Het RRR deed veel marktonderzoek. Behalve een motivatie onderzoek door SMART-agent is ook onderzoek gedaan naar de tevredenheid van zowel medewerkers als patiënten. Het cliënt tevredenheidonderzoek wordt ieder kwartaal uitgevoerd en heeft stelselmatig geleid tot verbeteringen. Het ontwerp van de nieuwbouw houdt rekening met wensen van medewerkers en patiënten. Het accenten liggen op: -
de healing environment de privacy de kwaliteit variëteit van de services (maaltijden, behandelfaciliteiten en leef- en werkklimaat).

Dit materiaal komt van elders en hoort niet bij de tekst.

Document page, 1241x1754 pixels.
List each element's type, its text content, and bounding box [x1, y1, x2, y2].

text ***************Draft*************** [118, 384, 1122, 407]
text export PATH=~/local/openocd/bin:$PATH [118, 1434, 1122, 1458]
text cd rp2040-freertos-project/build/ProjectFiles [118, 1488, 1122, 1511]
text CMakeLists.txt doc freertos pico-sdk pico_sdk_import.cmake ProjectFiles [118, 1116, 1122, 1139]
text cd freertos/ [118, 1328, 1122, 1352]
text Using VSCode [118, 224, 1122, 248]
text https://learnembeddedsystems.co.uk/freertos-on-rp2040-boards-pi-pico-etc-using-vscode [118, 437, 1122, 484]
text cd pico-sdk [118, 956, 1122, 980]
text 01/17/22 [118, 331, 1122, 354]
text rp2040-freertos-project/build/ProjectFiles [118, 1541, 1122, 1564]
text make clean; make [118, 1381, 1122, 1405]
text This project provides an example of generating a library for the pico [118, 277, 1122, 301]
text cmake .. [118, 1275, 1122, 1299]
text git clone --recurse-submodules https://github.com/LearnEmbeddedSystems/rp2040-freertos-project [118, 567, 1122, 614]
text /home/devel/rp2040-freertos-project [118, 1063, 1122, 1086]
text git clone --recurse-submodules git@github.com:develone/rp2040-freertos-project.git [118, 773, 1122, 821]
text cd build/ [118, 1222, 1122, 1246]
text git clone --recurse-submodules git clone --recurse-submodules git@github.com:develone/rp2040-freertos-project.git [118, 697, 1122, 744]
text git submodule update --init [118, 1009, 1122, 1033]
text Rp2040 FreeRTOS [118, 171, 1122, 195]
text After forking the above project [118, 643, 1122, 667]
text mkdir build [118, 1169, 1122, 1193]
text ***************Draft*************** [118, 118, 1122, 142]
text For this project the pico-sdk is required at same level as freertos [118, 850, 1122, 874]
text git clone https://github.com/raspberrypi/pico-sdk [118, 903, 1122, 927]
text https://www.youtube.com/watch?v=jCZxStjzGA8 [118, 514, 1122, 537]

Het medewerkers tevredenheidonderzoek was positief. De gesignaleerde onvrede had vooral betrekking op de bebouwde omgeving. In het nieuwe ontwerp is daarmee rekening gehouden. Consumentenorganisaties en andere zorgaanbieders zijn geïnteresseerd in het concept van het RRR. De vragen om rondleidingen/werkbezoeken en lezingen zijn groot. Het stelt zich open op. Het RRR initieert en neemt deel in lokale netwerken die samenwerken om de cliënt vanuit zijn eigen perspectief van dienst te zijn. De zorgpaden die het consumentenplatform gepropageerd sluiten hierop naadloos aan. Naast een succesvolle record op het vlak van free publicity in dagbladen lokale bladen en RTV startte het RRR ook met advertising. De maandelijkse advertentie in de “de Oud Rotterdammer” is hiervan een succesvol voorbeeld.

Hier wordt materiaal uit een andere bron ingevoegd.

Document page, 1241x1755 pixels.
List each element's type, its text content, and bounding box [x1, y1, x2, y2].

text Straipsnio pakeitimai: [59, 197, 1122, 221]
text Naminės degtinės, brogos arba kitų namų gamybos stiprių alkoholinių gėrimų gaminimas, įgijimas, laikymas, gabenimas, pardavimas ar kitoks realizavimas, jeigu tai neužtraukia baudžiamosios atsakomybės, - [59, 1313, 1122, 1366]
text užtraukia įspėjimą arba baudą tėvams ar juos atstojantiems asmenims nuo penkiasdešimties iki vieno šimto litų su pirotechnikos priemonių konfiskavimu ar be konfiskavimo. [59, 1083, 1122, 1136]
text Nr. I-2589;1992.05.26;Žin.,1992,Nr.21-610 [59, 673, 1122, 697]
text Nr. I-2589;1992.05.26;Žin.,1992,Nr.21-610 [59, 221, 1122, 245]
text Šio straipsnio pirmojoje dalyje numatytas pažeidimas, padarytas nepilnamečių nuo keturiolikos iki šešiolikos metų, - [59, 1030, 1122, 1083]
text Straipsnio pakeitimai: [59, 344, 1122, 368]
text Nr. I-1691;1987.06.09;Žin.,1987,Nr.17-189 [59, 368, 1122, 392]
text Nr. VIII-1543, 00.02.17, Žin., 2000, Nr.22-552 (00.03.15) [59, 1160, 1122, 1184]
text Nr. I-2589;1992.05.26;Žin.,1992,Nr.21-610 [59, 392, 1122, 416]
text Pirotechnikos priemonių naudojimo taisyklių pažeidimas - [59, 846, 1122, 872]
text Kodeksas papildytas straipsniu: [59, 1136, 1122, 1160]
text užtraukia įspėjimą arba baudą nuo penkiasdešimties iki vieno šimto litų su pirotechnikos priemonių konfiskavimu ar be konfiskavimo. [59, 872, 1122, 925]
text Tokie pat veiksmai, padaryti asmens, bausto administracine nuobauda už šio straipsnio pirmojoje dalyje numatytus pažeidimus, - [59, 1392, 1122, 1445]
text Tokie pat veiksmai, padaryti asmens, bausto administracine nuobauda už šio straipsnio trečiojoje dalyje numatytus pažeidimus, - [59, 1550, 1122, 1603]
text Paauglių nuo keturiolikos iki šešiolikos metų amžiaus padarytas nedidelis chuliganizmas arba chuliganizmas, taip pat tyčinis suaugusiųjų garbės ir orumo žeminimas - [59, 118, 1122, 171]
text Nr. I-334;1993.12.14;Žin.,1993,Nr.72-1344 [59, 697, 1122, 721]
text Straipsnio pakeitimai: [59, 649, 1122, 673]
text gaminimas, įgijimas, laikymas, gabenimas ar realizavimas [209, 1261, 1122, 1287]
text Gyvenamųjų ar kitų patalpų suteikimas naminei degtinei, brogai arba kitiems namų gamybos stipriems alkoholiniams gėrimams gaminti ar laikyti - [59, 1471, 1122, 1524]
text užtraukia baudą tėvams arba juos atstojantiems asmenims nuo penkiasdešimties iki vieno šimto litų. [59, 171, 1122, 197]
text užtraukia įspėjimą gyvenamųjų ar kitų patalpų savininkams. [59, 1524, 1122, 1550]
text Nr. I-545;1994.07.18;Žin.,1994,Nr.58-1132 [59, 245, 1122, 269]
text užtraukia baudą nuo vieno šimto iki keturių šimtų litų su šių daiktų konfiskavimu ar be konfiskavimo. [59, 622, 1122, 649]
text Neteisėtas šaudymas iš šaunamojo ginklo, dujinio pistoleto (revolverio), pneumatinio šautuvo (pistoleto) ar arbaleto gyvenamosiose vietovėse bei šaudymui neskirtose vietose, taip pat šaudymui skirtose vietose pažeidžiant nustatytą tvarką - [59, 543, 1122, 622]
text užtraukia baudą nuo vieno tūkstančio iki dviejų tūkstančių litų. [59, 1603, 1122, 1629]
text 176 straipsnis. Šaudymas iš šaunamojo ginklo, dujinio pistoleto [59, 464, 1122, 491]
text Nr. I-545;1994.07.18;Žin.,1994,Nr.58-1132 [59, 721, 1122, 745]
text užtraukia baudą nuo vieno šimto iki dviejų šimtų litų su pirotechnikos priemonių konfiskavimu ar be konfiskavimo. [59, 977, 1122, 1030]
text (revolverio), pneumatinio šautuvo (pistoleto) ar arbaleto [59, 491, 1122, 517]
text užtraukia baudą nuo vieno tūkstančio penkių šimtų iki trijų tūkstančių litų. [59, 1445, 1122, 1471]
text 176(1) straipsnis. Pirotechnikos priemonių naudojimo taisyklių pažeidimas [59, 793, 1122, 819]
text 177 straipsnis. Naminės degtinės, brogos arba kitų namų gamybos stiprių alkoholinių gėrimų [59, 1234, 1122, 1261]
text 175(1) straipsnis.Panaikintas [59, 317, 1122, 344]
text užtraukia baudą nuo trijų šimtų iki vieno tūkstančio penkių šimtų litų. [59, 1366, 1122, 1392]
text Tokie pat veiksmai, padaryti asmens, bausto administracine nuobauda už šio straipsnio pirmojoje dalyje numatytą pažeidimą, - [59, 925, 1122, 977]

16. Belanghebbenden (stakeholders) Het RRR heeft intern en externe belanghebbenden. De interne belanghebbenden zijn: - patiënten hun familieleden en mantelzorgers, - medewerkers, personeel, stagiaires en vrijwilligers, - klachtencommissie, in- en externe vertrouwenspersonen (van medewerkers en patiënten) en - de Raad van Toezicht. Daarnaast heeft het RRR ook te maken met externe belanghebbenden. Dit zijn o.a.: - Patiënten organisaties, - De Inspecties van Volksgezondheid, milieu en veiligheid en de arbeidsinspectie, - De Deelgemeente Hillegersberg-Schiebroek, - De Gemeente Rotterdam, - Openbaar vervoer, Politie, Brandweer en Ambulance diensten, - Financiers (Banken) en daaraan gerelateerde organen (WfZ, NZa), - Subsidieverstrekkers en Fondsen, - Toeleveranciers, collega zorgaanbieders, sponsors, - Universiteiten en Roc’s en - Zorgverzekeraars en het Zorgkantoor.

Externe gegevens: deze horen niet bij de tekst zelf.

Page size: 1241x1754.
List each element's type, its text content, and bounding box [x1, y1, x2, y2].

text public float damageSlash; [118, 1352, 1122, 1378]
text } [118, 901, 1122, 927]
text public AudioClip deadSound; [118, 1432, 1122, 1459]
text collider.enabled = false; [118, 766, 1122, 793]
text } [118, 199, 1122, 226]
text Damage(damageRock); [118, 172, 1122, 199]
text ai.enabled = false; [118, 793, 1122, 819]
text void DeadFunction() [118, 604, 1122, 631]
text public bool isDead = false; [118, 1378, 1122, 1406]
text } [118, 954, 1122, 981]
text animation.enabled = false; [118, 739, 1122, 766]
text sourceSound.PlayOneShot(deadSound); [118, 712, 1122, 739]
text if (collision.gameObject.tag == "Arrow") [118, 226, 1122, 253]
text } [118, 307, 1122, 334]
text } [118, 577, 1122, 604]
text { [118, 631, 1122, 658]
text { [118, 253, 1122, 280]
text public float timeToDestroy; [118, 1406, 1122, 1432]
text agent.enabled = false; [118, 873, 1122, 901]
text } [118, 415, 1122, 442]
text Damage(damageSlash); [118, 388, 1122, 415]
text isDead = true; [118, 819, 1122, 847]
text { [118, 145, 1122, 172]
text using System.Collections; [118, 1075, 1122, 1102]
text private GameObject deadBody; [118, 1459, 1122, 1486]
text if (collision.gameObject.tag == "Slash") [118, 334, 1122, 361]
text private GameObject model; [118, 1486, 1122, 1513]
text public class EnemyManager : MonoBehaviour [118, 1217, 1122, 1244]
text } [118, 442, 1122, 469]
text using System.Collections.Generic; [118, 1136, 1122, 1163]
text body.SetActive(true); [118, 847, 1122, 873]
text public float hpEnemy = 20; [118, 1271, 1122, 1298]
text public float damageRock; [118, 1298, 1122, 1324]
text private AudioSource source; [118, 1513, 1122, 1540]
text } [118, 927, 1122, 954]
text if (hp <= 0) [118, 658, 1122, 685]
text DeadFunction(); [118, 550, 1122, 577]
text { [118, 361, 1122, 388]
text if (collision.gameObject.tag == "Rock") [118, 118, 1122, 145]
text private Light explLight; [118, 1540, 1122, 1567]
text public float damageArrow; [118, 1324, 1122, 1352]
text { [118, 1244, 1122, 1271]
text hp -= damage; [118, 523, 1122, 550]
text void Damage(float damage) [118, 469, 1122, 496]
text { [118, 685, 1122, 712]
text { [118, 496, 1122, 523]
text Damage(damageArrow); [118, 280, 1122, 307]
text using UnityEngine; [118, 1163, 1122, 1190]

16.1 De zorgverzekeraars Sinds de invoering van de basisverzekering op 1 januari 2006 proberen de zorgverzekeraars zich te onderscheiden van de concurrenten. Door schaalvergroting is het aantal zorgverzekeraars gereduceerd. Belangrijke veranderingen die aan de inkoopzijde plaats vinden betreffen: • productfinanciering i.p.v. instellingsfinanciering • resultaatverplichting i.p.v. inspanningsverplichting • selectieve inkoop met een gedifferentieerd tarief i.p.v. administratieve contracten • ketenzorg i.p.v. geïsoleerde verstrekkingen. ACHMEA verzekert, direct of indirect, 78 % van de Rotterdamse bevolking. Een andere belangrijke ziektekostenverzekeraar is DSW. Zij hebben in de noordoost regio een marktaandeel van ruim 10%. Met beide zorgverzekeraars wil het RRR lange termijn productieafspraken maken. Op initiatief van ACHMEA stemde de koepelorganisatie van verzekeraars (Zorgverzekeraars Nederland) ermee in dat het RRR met beide verzekeraars overeenkomsten kan afsluiten die algemeen bindend zijn. Achmea en DSW hebben de intentie uitgesproken om op lange termijn complementaire productieafspraken te maken met het RRR voor de AWBZ en de ZVW.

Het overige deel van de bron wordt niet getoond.